Task objective: If a line of the data below contains the string "oriented", count it, then state the total alone.

Dataset extract:

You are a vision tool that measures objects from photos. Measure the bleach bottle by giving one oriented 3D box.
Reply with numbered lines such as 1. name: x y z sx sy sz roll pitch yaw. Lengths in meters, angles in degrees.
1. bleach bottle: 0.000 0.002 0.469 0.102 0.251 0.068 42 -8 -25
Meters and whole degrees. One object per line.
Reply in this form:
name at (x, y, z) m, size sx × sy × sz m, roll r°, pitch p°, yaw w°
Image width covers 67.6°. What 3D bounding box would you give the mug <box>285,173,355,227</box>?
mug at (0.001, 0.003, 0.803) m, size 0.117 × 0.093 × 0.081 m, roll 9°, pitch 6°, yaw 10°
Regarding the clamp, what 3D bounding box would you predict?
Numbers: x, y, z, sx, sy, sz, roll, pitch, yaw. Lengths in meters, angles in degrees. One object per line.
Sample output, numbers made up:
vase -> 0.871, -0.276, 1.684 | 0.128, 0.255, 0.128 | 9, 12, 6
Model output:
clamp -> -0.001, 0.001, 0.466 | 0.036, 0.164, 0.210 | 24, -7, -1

==

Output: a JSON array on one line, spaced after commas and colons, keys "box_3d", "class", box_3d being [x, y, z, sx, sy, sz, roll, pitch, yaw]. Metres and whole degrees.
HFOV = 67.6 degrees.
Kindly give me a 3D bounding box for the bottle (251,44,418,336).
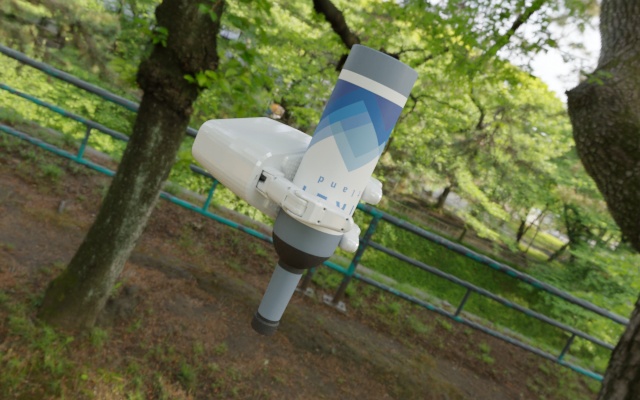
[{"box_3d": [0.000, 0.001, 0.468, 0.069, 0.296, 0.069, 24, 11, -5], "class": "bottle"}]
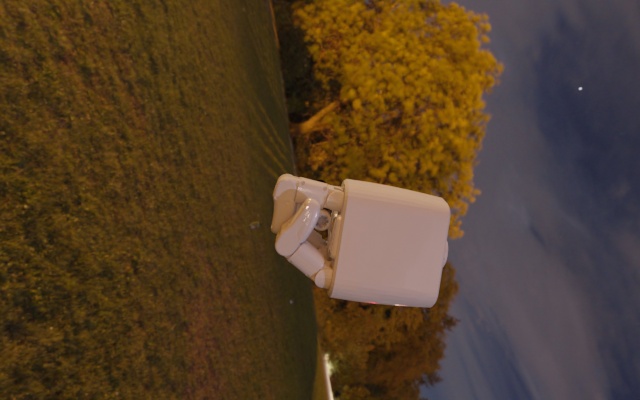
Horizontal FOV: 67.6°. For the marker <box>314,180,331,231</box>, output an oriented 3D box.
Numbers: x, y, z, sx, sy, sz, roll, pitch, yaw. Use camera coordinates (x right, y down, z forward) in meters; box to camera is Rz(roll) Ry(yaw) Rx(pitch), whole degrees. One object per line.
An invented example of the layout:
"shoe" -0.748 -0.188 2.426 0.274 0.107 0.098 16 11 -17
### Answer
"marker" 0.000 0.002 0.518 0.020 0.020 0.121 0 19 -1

Exercise solution: 2